Такова наша первичная оптическая сцена, которая в известной мере отличается от паноптической, так пугающе сконструированной Бентамом и так изящно описанной Фуко. Напомню, что проект Паноптикума есть проект идеальной тюрьмы, идеальной машины контроля, в котором железные властные отношения держатся на одной только игре взгляда. Однако какова эта игра: в центре кругового пространства с прозрачными перегородками, чем-то напоминающего пчелиные соты, стоит башня с круговым же обзором, в которой и располагается Ее Величество Власть. Собственно, власть «per se»: вовсе не обязательно, чтобы там находился какой-либо человек, потому что того, кто есть (или кого нет) в башне, не видно. «Он» видит, но сам он невидим – потому его может и не быть, но никто об этом не узнает: непроницаемость башни, подобной в этом кафкианскому Замку, фактом своего существования хранит ужас и тем отправляет власть. Не простую, особенную: это односторонняя, вертикальная, как сама башня, иерархическая, если не иератическая, власть. Она управляется взглядом, который не возвращается. В наше время можно лишь удивляться, сколь неудачное время Бентам выбрал для своего изобретения: дело в том, что сама вертикальная иерархия власти вступала в фазу своего стремительно приближающегося краха.
Напротив, в оптической сцене с денди мы имеем дело не столько с чистой вертикальной властью, сколько с горизонтальным обменом, с экономической схемой: взгляд обратим, поэтому власть, будто прибыль, распределяется между всеми участниками сцены. Это диффузная власть – плоскостная, многосторонняя, коллективная, плюралистическая, демократическая, словом, упавшая. Раз так, то и сам термин «власть» перестает здесь работать: власть настолько меняет свой изначальный характер, что совсем перестает быть собой, превращаясь в эффектные волны обмена и дара. Уже не власть, но мода.
Таинственный взгляд трансцендентной субъективности, с невидимой властностью проникающий все сотворенные вещи, рухнул на землю и в миг обернулся взглядом от вещи к вещи, совсем без изнанки, без тайны и ужаса. В тот самый миг этот мир как будто утратил одно измерение и стал бесконечно беднее – т. е. беднее на целую бесконечность.

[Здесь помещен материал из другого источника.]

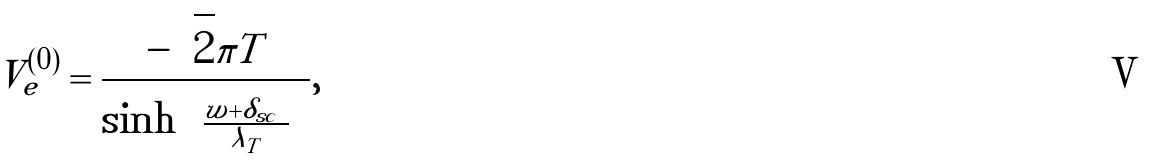Convert formula to latex. <formula><loc_0><loc_0><loc_500><loc_500>V _ { e } ^ { ( 0 ) } = \frac { - \sqrt { 2 } \pi T } { \sinh { \left ( \frac { | w | + \delta _ { s c } } { \lambda _ { T } } \right ) } } ,</formula>

Как всегда в истории, которая и в этом (и прежде всего в этом) похожа на царственное дитя, склонное к игре в прятки, в нашем случае вещи в своей сути обнаруживают себя вовсе не там, где они есть, но именно там, где их нет – еще, уже или (повысим ставки) вообще. Эстет, в которого в скором времени эволюционировал денди, обнаруживает зримый исток своего существа в фигуре романтика, в котором как раз этот самый эстет, породнившийся с денди, отсутствует, надо признать, чуть более чем полностью – и это при том, что эстетическое в нем бьет через край. Так, нелепым кажется тот ребячливый мысленный эксперимент, в котором мы с некоторой издевкой запускаем по улице перед окном, сквозь которое проходит пытливый взгляд денди, – романтика… Полюсы столь удаленные, романтик и денди едва ли вообще-то увидят друг друга, как явления взаимно расположенные за пределами своих чувствительных зон. Однако на пике высшего напряжения этой вызывающей бесконтактности, быть может, где-нибудь в Гималаях сойдет разрушительная лавина, которой позже дадут имя всемирной истории.

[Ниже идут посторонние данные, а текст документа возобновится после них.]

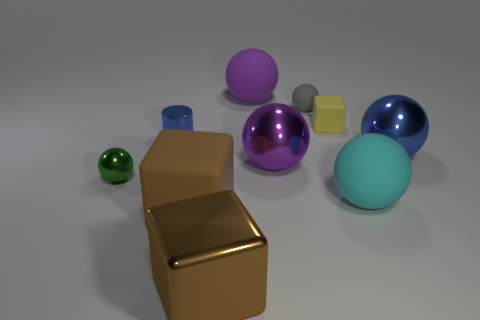What is the color of the tiny sphere on the left side of the metallic thing that is in front of the shiny ball that is left of the brown metal object?
Make the answer very short. Green. How big is the block that is behind the blue object left of the small gray ball?
Your answer should be very brief. Small. What is the material of the thing that is in front of the cyan rubber thing and to the left of the large brown metallic cube?
Keep it short and to the point. Rubber. There is a yellow thing; is its size the same as the matte cube that is on the left side of the big brown metallic object?
Offer a very short reply. No. Are any yellow spheres visible?
Your answer should be very brief. No. What is the material of the large blue object that is the same shape as the tiny green metal object?
Give a very brief answer. Metal. What is the size of the cube that is behind the blue metallic thing that is on the right side of the brown block right of the large rubber block?
Ensure brevity in your answer.  Small. Are there any cyan matte things in front of the purple metal ball?
Give a very brief answer. Yes. The purple ball that is the same material as the tiny blue thing is what size?
Ensure brevity in your answer.  Large. What number of large blue things have the same shape as the small yellow object?
Ensure brevity in your answer.  0.

Так или иначе, нам остается только предположить, что некоторые явления тем больше вступают друг с другом в контакт, чем больше они игнорируют друг друга, участвуя одно в другом, тем самым, не утвердительно, но отрицательно – с тем большей настоятельностью.

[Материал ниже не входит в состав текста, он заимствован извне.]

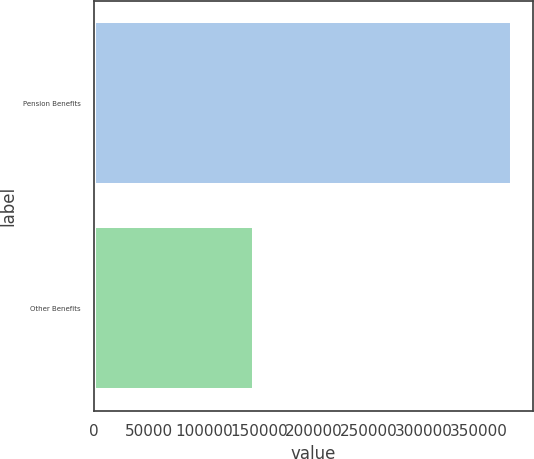<chart> <loc_0><loc_0><loc_500><loc_500><bar_chart><fcel>Pension Benefits<fcel>Other Benefits<nl><fcel>379793<fcel>145644<nl></chart>

Неряшливый с виду романтик, и правда, не склонен к поверхностным игрищам денди в силу высшего внутреннего убеждения – или, точнее, высшего убеждения в самом внутреннем. Если логосу о культуре вообще позволительна некая краткость, то в случае романтика она обернулась бы в саван сентенции: романтик есть тот, кто в каждом данном случае стремится раскрыть за плоскостью внешнего скрытый объем внутреннего. И в меру того, что сама по себе, как по некоему волшебству, плоскость едва ли спешит развернуться в объем, романтику здесь не остается ничего лучшего, как вытянуть этот объем, как пеструю ленту из широкого рукава, из самого себя. Отсюда дополним сентенцию: плоскость реальности (буквально – вещественности) романтик достраивает до объема своего собственного Я. Когда так небрежно именуют романтика субъективистом, хотят того или нет, но говорят именно это, поэтому говорят правду.